“Music produces a kind of pleasure which human nature cannot do without,” the Chinese philosopher Confucius is said to have proclaimed more than 2,500 years ago.
Well, Confucius may have overstated his point. A small but intriguing study published in the journal Current Biology last week reports that a small but significant number of people — individuals who are otherwise perfectly healthy, psychologically speaking — do not get pleasure from music.
The Spanish and Canadian researchers who conducted the study call this trait specific musical anhedonia. It should not to be confused, they stress, with general anhedonia, which is an inability to experience pleasure from just about everything (including music) and a common symptom of depression and other psychological illnesses.
Nor is specific musical anhedonia simply a reflection of narrow musical tastes.
“What our findings reveal is not a particular preference for one class of stimuli over another (one person may enjoy opera, while another may find it boring), but an inability to derive pleasure from an entire domain, music, which the vast majority of human populations do find pleasurable,” the researchers explain.
These findings have implications that go beyond figuring out why certain patterns of musical tones evoke emotions (or don’t, as the case may be).
“Studying this particular and rather encapsulated aspect of anhedonia may help shed light more generally on why the link between perception and pleasure can sometimes be broken,” say the researchers.
Why and how the study was done
The impetus for the current study began when its authors were developing a questionnaire designed to measure the sense of reward (pleasure) that different individuals receive when listening to music. The researchers soon noticed that a small percentage of people (less than 5 percent) had a low sensitivity to music, but an average sensitivity to other rewards.
To figure out what was going on, the researchers decided to study some of those people in more depth. They selected three separate groups of 10 individuals who, according to the questionnaire, responded to music with a high, average or low level of pleasure.
Two experiments were conducted. In the first, the participants were asked to rate the amount of pleasure they were experiencing while listening to excerpts of soothing pieces of music. The specific musical works were chosen both by the researchers and by the participants, although, interestingly, the group with a low sensitivity to music had difficulty coming up with their own selections.
“Some of them asked family and friends to give them music,” one of the study’s co-authors, neuroscientist Josep Marco-Pallares of the Bellvitge Biomedical Research Institute in Barcelona, told Los Angeles Times reporter Geoffrey Mohan.
In the second experiment, the participants were asked to perform a quick monetary task in which they could win — or lose — real money. Both of these experiments are known to engage reward-related neural circuits in the brain.
Two physiological measurements of emotional response — heart rate and skin conductivity — were also tracked for each of the participants during the experiments.
Findings
The study found that the people who had said on the questionnaire that they didn’t find pleasure in music were telling the truth. They didn’t exhibit the same physiological responses to the music as the other two groups.
No chills. No thrills.
Their responses when experiencing rewards during the monetary task were similar to those of the other groups, however. In other words, they found winning money pleasurable. That finding demonstrates, say Marco-Pallares and his colleagues, that people who are otherwise psychologically healthy can have an anhedonia specific to music.

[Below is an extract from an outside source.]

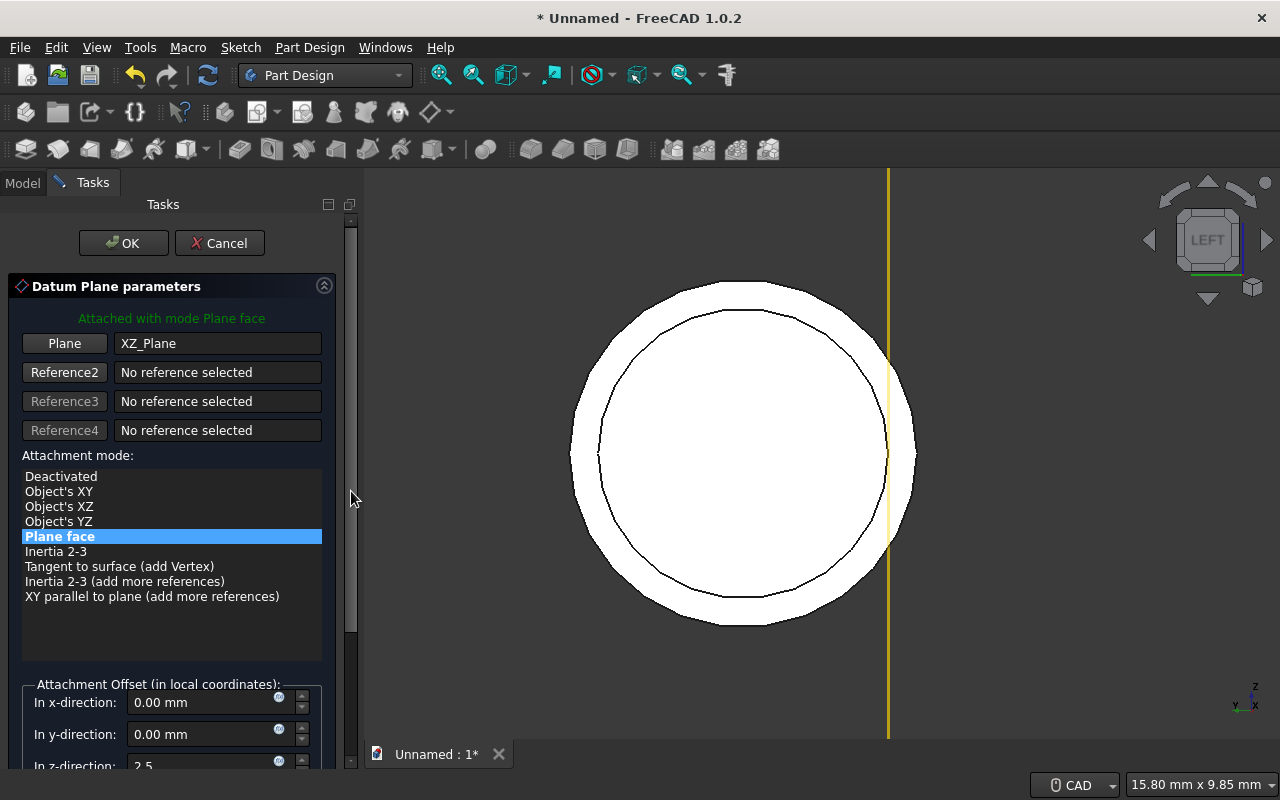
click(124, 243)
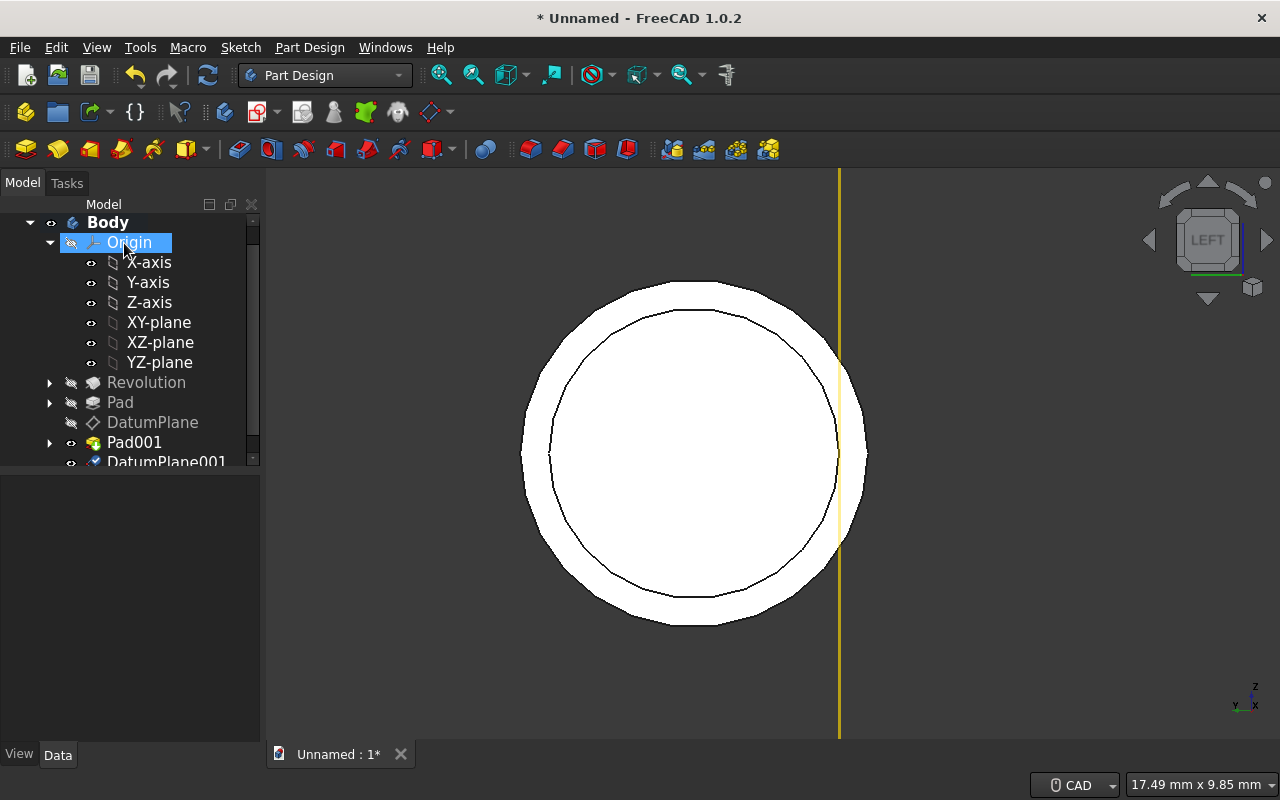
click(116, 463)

To make sure the people with a low emotional response to the music did not have amusia — a difficulty processing and understanding music, particularly the pitch of different notes (tone-deafness) — the researchers asked them to rate several different excerpts of music as either happy, sad, scary or peaceful. They were able to do that just fine. Amusia, therefore, wasn’t the reason they didn’t enjoy music.
Beyond music
The study’s findings have implications that go beyond helping scientists better understand the neural processes by which music evokes emotions, according to its authors. The results may also lead to a deeper understanding of conditions in which the brain’s reward system goes awry, such as addiction and depression.
“The idea that people can be sensitive to one type of reward and not to another suggests that there might be different ways to access the reward system and that, for each person, some ways might be more effective than others,” said Marco-Pallares in a statement released with the study.
How music-sensitive are you?
Want to know where you fall on the music-reward spectrum? Marco-Pallares and his colleagues have put their questionnaire online.
At the same site, curious readers will also find a list of the self-selected musical selections used in the study. FYI: “ANH” refers to the anhedonic, or low-sensitivity, group of participants; “HDN” to the hedonic, or average-sensitivity, group; and “H-HDN” to the hyperhedonic, or high-sensitivity, group.